TASK ITEM:
In the entries that follow, which lines hold the string "hole"? List them.

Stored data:
::::

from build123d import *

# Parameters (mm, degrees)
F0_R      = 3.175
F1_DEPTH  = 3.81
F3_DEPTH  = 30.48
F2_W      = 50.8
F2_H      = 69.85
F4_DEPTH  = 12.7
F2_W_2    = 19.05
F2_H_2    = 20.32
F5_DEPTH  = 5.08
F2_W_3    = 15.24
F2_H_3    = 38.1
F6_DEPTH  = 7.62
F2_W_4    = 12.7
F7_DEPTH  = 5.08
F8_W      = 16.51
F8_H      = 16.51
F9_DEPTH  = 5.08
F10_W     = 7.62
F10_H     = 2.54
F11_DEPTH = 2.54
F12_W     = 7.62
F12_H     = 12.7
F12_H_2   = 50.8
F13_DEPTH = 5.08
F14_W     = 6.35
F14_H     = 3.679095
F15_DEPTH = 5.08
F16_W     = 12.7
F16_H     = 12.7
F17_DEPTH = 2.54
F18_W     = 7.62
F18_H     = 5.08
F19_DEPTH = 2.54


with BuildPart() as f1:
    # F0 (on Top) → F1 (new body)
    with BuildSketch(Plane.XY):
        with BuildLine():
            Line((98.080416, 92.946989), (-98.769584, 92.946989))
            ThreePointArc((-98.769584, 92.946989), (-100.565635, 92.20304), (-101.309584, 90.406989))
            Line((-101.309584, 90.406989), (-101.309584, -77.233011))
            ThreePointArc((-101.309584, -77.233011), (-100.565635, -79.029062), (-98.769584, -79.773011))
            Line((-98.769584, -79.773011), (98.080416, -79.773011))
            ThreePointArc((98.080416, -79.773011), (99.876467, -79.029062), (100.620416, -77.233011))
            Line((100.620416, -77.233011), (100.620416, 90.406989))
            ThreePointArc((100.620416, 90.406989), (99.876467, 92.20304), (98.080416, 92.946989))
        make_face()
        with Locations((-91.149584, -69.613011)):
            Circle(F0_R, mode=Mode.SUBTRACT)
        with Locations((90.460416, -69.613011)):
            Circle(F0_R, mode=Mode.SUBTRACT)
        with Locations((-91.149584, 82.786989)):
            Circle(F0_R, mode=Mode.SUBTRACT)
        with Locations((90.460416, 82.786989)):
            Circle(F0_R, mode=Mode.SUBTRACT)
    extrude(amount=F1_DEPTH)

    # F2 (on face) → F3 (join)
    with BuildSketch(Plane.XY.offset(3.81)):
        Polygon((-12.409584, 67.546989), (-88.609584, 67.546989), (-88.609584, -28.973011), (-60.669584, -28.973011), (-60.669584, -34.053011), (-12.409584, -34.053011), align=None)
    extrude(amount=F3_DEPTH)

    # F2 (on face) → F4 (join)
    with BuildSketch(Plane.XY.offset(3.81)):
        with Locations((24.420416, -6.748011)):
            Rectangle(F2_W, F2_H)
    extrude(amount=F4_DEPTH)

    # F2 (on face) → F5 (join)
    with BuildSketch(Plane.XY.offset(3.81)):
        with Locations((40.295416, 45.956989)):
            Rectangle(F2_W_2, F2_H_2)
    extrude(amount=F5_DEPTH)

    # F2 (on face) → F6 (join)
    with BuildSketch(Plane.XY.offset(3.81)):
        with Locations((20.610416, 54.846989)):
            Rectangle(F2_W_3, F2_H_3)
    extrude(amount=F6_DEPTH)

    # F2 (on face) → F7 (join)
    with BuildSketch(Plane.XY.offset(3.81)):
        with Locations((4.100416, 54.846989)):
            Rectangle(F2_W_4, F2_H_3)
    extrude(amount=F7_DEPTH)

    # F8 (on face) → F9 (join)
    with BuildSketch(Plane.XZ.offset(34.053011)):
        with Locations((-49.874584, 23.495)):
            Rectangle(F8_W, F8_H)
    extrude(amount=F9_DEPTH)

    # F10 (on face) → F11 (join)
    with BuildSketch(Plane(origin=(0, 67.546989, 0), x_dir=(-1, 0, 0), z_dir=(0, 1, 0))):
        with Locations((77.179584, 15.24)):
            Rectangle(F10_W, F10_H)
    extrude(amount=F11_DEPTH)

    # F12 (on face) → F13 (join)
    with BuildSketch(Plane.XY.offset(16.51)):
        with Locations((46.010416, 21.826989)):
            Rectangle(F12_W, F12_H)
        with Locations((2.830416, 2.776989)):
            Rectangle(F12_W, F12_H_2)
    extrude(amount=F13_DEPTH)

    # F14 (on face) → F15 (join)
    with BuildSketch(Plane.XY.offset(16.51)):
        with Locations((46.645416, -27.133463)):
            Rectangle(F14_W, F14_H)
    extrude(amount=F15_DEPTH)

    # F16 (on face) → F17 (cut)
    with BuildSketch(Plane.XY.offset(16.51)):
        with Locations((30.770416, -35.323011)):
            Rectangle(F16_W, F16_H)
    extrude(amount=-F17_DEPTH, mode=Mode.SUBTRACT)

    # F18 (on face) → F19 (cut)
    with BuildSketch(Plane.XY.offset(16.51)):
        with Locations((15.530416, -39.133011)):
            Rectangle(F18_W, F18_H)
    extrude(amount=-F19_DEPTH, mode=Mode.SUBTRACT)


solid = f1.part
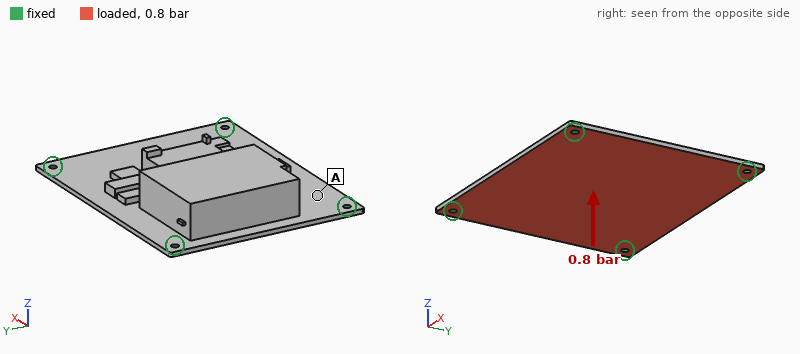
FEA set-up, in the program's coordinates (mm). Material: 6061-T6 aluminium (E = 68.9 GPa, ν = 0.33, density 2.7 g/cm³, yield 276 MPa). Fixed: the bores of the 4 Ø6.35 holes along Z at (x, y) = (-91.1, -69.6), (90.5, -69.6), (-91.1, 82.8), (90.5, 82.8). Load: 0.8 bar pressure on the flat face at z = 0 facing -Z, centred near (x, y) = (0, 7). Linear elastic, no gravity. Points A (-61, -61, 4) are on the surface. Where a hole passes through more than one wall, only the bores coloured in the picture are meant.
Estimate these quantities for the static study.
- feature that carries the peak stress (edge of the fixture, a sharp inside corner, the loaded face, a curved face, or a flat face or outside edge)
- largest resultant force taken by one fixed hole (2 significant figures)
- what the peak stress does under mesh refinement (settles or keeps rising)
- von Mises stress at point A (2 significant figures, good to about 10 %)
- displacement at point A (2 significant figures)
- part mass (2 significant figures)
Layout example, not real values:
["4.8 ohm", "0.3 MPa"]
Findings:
["edge of the fixture", "950 N", "keeps rising", "22 MPa", "0.29 mm", "1.1 kg"]
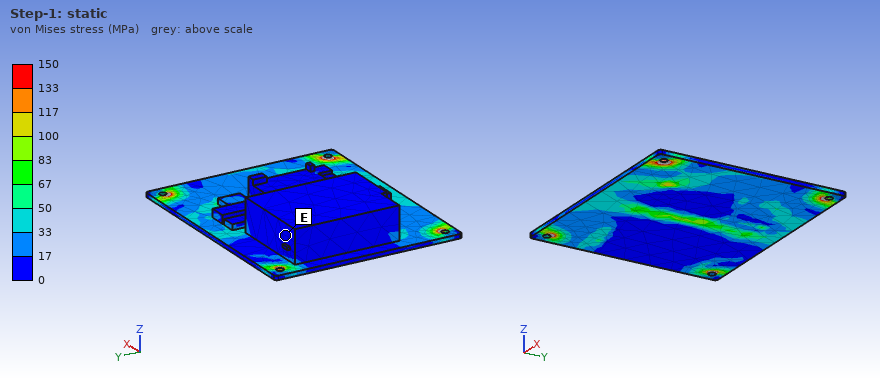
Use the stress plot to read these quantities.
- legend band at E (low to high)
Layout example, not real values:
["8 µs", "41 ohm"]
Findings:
["0 to 17 MPa"]
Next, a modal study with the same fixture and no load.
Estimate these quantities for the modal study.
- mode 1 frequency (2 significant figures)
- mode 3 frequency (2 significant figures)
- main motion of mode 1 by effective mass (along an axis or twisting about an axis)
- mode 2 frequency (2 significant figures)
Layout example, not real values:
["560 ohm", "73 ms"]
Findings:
["320 Hz", "1000 Hz", "along Z", "680 Hz"]

::::

YOUR RESPONSE:
FEA set-up, in the program's coordinates (mm). Material: 6061-T6 aluminium (E = 68.9 GPa, ν = 0.33, density 2.7 g/cm³, yield 276 MPa). Fixed: the bores of the 4 Ø6.35 holes along Z at (x, y) = (-91.1, -69.6), (90.5, -69.6), (-91.1, 82.8), (90.5, 82.8). Load: 0.8 bar pressure on the flat face at z = 0 facing -Z, centred near (x, y) = (0, 7). Linear elastic, no gravity. Points A (-61, -61, 4) are on the surface. Where a hole passes through more than one wall, only the bores coloured in the picture are meant.
- largest resultant force taken by one fixed hole (2 significant figures)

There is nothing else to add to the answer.